Totally agree with you about simplicity. Don't mistake this poem for being something pretentious, or an attempt at complexity. Nothing of the sort. Take a look through my work and I think you'll find a lot of it is actually pretty simple.

Thanks bspn, and I like your Calvin and Hobbes profile pic.

Sincerely,

-Kyle


----------



## jpatricklemarr (Aug 9, 2017)

I know that the goal is usually to use something personal to make art that is ultimately universal but, as with most things in life, that's often easier said than done. When I write poetry, it's almost always for ME...even if the poem itself is a fiction. I'm not convinced that universality should be the goal with poetry. I do, however, think that there can be a universality in the emotions or gut reaction that a poem ignites...and the simplest way to accomplish that is to just be real. Don't hesitate. Don't edit yourself into oblivion. Merely lay yourself bare and, whether or not the work is a perfectly crafted thing, someone somewhere will read it and say, "Yes! I get it! I've felt that way before, too." That's always what I'm shooting for...and it tends to work better when you forget the audience and just dive inward. That's my two cents...on very little sleep and not enough caffeine.  The piece was short and perhaps too on the nose, but (to me) that works for this. When someone sighs with exasperation, we recognize that emotion. That's what this piece seems to be...a written sigh.


----------



## Smith (Aug 9, 2017)

jpatricklemarr said:


> I know that the goal is usually to use something personal to make art that is ultimately universal but, as with most things in life, that's often easier said than done. When I write poetry, it's almost always for ME...even if the poem itself is a fiction. I'm not convinced that universality should be the goal with poetry. I do, however, think that there can be a universality in the emotions or gut reaction that a poem ignites...and the simplest way to accomplish that is to just be real. Don't hesitate. Don't edit yourself into oblivion. Merely lay yourself bare and, whether or not the work is a perfectly crafted thing, someone somewhere will read it and say, "Yes! I get it! I've felt that way before, too." That's always what I'm shooting for...and it tends to work better when you forget the audience and just dive inward. That's my two cents...on very little sleep and not enough caffeine.  The piece was short and perhaps too on the nose, but (to me) that works for this. When someone sighs with exasperation, we recognize that emotion. That's what this piece seems to be...a written sigh.
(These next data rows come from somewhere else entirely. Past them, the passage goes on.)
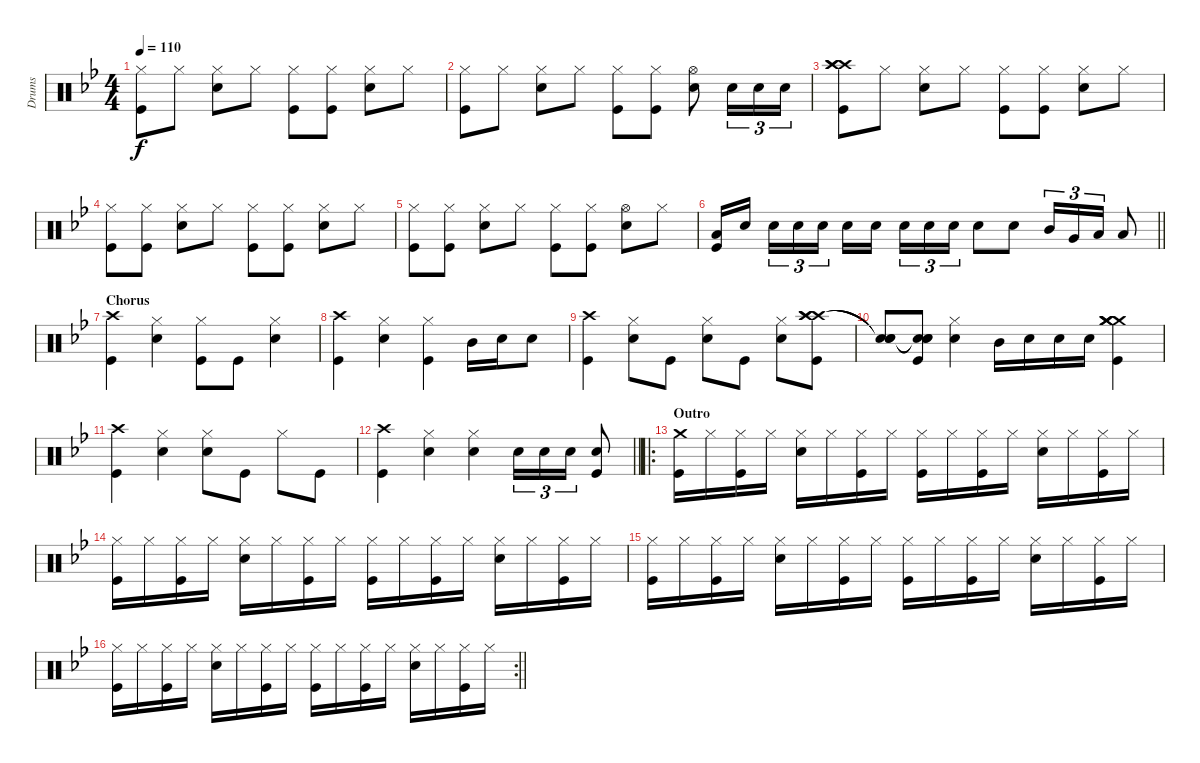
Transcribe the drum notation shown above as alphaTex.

\track ("Drums" "Drums") {instrument percussion}
\staff {score}
\articulation defaults
\ts (4 4)
\tempo 110
\clef neutral
\ks bb
("Hi-Hat (closed)" "Kick (hit)").8{dy f} "Hi-Hat (closed)".8 ("Hi-Hat (closed)" "Snare (hit) 2").8 "Hi-Hat (closed)".8 ("Hi-Hat (closed)" "Kick (hit)").8 ("Hi-Hat (closed)" "Kick (hit)").8 ("Hi-Hat (closed)" "Snare (hit) 2").8 "Hi-Hat (closed)".8 |
("Hi-Hat (closed)" "Kick (hit)").8 "Hi-Hat (closed)".8 ("Hi-Hat (closed)" "Snare (hit) 2").8 "Hi-Hat (closed)".8 ("Hi-Hat (closed)" "Kick (hit)").8 ("Hi-Hat (closed)" "Kick (hit)").8 ("Hi-Hat (open)" "Snare (hit) 2").8 "Snare (hit) 2".16{tu (3 2)} "Snare (hit) 2".16{tu (3 2)} "Snare (hit) 2".16{tu (3 2)} |
("Crash high (hit)" "Crash high (hit)" "Crash high (hit)" "Kick (hit)").8 "Hi-Hat (closed)".8 ("Hi-Hat (closed)" "Snare (hit) 2").8 "Hi-Hat (closed)".8 ("Hi-Hat (closed)" "Kick (hit)").8 ("Hi-Hat (closed)" "Kick (hit)").8 ("Hi-Hat (closed)" "Snare (hit) 2").8 "Hi-Hat (closed)".8 |
("Hi-Hat (closed)" "Kick (hit)").8 ("Hi-Hat (closed)" "Kick (hit)").8 ("Hi-Hat (closed)" "Snare (hit) 2").8 "Hi-Hat (closed)".8 ("Hi-Hat (closed)" "Kick (hit)").8 ("Hi-Hat (closed)" "Kick (hit)").8 ("Hi-Hat (closed)" "Snare (hit) 2").8 "Hi-Hat (closed)".8 |
("Hi-Hat (closed)" "Kick (hit)").8 ("Hi-Hat (closed)" "Kick (hit)").8 ("Hi-Hat (closed)" "Snare (hit) 2").8 "Hi-Hat (closed)".8 ("Hi-Hat (closed)" "Kick (hit)").8 ("Hi-Hat (closed)" "Kick (hit)").8 ("Hi-Hat (open)" "Snare (hit) 2").8 "Hi-Hat (closed)".8 |
\barLineRight lightlight
("Low Tom (hit)" "Kick (hit)").16 "Snare (hit) 2".16{beam splitsecondary} "Snare (hit) 2".16{tu (3 2)} "Snare (hit) 2".16{tu (3 2)} "Snare (hit) 2".16{tu (3 2)} "Snare (hit) 2".16 "Snare (hit) 2".16{beam splitsecondary} "Snare (hit) 2".16{tu (3 2)} "Snare (hit) 2".16{tu (3 2)} "Snare (hit) 2".16{tu (3 2)} "Snare (hit) 2".8 "Snare (hit) 2".8 "Mid Tom (hit)".16{tu (3 2)} "Very Low Tom (hit)".16{tu (3 2)} "Low Tom (hit)".16{tu (3 2)} "Low Tom (hit)".8 |
\section ("" "Chorus")
("Crash high (hit)" "Kick (hit)").4 ("Hi-Hat (closed)" "Snare (hit) 2").4 ("Hi-Hat (closed)" "Kick (hit)").8 "Kick (hit)".8 ("Hi-Hat (closed)" "Snare (hit) 2").4 |
("Crash high (hit)" "Kick (hit)").4 ("Hi-Hat (closed)" "Snare (hit) 2").4 ("Hi-Hat (closed)" "Kick (hit)").4 "Mid Tom (hit)".16 "Snare (hit) 2".16 "Snare (hit) 2".8 |
("Crash high (hit)" "Kick (hit)").4 ("Hi-Hat (closed)" "Snare (hit) 2").8 "Kick (hit)".8 ("Hi-Hat (closed)" "Snare (hit) 2").8 "Kick (hit)".8 ("Hi-Hat (closed)" "Snare (hit) 2").8 ("Crash high (hit)" "Crash high (hit)" "Crash high (hit)" "Kick (hit)").8 |
("Snare (hit)"{t} "Snare (hit)"{t} "Snare (hit)"{t}).8 ("Snare (hit)"{t} "Snare (hit)"{t} "Snare (hit)"{t} "Kick (hit)").8 ("Hi-Hat (closed)" "Snare (hit) 2").4 "Mid Tom (hit)".16 "Snare (hit) 2".16 "Snare (hit) 2".16 "Snare (hit) 2".16 ("Crash medium (hit)" "Crash medium (hit)" "Crash medium (hit)" "Crash medium (hit)" "Kick (hit)").4 |
("Crash high (hit)" "Kick (hit)").4 ("Hi-Hat (closed)" "Snare (hit) 2").4 ("Hi-Hat (closed)" "Snare (hit) 2").8 "Kick (hit)".8 "Hi-Hat (closed)".8 "Kick (hit)".8 |
\barLineRight lightlight
("Crash high (hit)" "Kick (hit)").4 ("Hi-Hat (closed)" "Snare (hit) 2").4 ("Hi-Hat (closed)" "Snare (hit) 2").4 "Snare (hit) 2".16{tu (3 2)} "Snare (hit) 2".16{tu (3 2)} "Snare (hit) 2".16{tu (3 2)} ("Snare (hit) 2" "Kick (hit)").8 |
\ro
\section ("" "Outro")
("Crash medium (hit)" "Kick (hit)").16 "Hi-Hat (closed)".16 ("Hi-Hat (closed)" "Kick (hit)").16 "Hi-Hat (closed)".16 ("Hi-Hat (closed)" "Snare (hit) 2").16 "Hi-Hat (closed)".16 ("Hi-Hat (closed)" "Kick (hit)").16 "Hi-Hat (closed)".16 ("Hi-Hat (closed)" "Kick (hit)").16 "Hi-Hat (closed)".16 ("Hi-Hat (closed)" "Kick (hit)").16 "Hi-Hat (closed)".16 ("Hi-Hat (closed)" "Snare (hit) 2").16 "Hi-Hat (closed)".16 ("Hi-Hat (closed)" "Kick (hit)").16 "Hi-Hat (closed)".16 |
("Hi-Hat (closed)" "Kick (hit)").16 "Hi-Hat (closed)".16 ("Hi-Hat (closed)" "Kick (hit)").16 "Hi-Hat (closed)".16 ("Hi-Hat (closed)" "Snare (hit) 2").16 "Hi-Hat (closed)".16 ("Hi-Hat (closed)" "Kick (hit)").16 "Hi-Hat (closed)".16 ("Hi-Hat (closed)" "Kick (hit)").16 "Hi-Hat (closed)".16 ("Hi-Hat (closed)" "Kick (hit)").16 "Hi-Hat (closed)".16 ("Hi-Hat (closed)" "Snare (hit) 2").16 "Hi-Hat (closed)".16 ("Hi-Hat (closed)" "Kick (hit)").16 "Hi-Hat (closed)".16 |
("Hi-Hat (closed)" "Kick (hit)").16 "Hi-Hat (closed)".16 ("Hi-Hat (closed)" "Kick (hit)").16 "Hi-Hat (closed)".16 ("Hi-Hat (closed)" "Snare (hit) 2").16 "Hi-Hat (closed)".16 ("Hi-Hat (closed)" "Kick (hit)").16 "Hi-Hat (closed)".16 ("Hi-Hat (closed)" "Kick (hit)").16 "Hi-Hat (closed)".16 ("Hi-Hat (closed)" "Kick (hit)").16 "Hi-Hat (closed)".16 ("Hi-Hat (closed)" "Snare (hit) 2").16 "Hi-Hat (closed)".16 ("Hi-Hat (closed)" "Kick (hit)").16 "Hi-Hat (closed)".16 |
\rc 2
\barLineRight lightlight
("Hi-Hat (closed)" "Kick (hit)").16 "Hi-Hat (closed)".16 ("Hi-Hat (closed)" "Kick (hit)").16 "Hi-Hat (closed)".16 ("Hi-Hat (closed)" "Snare (hit) 2").16 "Hi-Hat (closed)".16 ("Hi-Hat (closed)" "Kick (hit)").16 "Hi-Hat (closed)".16 ("Hi-Hat (closed)" "Kick (hit)").16 "Hi-Hat (closed)".16 ("Hi-Hat (closed)" "Kick (hit)").16 "Hi-Hat (closed)".16 ("Hi-Hat (closed)" "Snare (hit) 2").16 "Hi-Hat (closed)".16 ("Hi-Hat (closed)" "Kick (hit)").16 "Hi-Hat (closed)".16

I honestly couldn't agree more Patrick; you've expressed my feelings about this better than I've ever managed. Thank-you. ^_^

Hadn't considered interpreting the piece this way, but it rings true with me as if it had played some subconscious part I wasn't aware of at the time. I am very glad that you were able to conclude something about the piece that worked for you.

Cheers,

-Kyle


----------



## Jan (Aug 10, 2017)

This reminded me of one of those paintings where the artists draws something unorthodoxily simple. Like a painting with green color but no symbols or any other patterns. To some, it can be considered greatness, perfection even. To most, an unachieved attempt at getting a message across. To me, it was the latter.

Don't take that up as a bad thing though


----------



## Deleted member 56014 (Aug 10, 2017)

Smith said:


> As far as what I was trying to achieve, look no further than my responses to Ned and Nellie.
> 
> -I vented my frustration through it, meaning it was cathartic.
> -I acted out my resentment at the fact that I feel stuck in my ability. I have nothing to show for anything I've done. I feel disappointed. Like a failure. But I aimed so low with this that I guaranteed a negative response anyway, and in doing so got a perverse sense of satisfaction out of it.
> ...



I never judge or think anything about a poem or a person. Each one has different ways of perceiving the world and has different experiences. After reading and thinking about your explanation this has another meaning. In a sort of way, was a cleaver way of putting how you feel and achieving what you wanted. This is why we are here, to learn and improve. Good job!

Thanks mate, Calvin and Hobbes can teach a lot ehehe


----------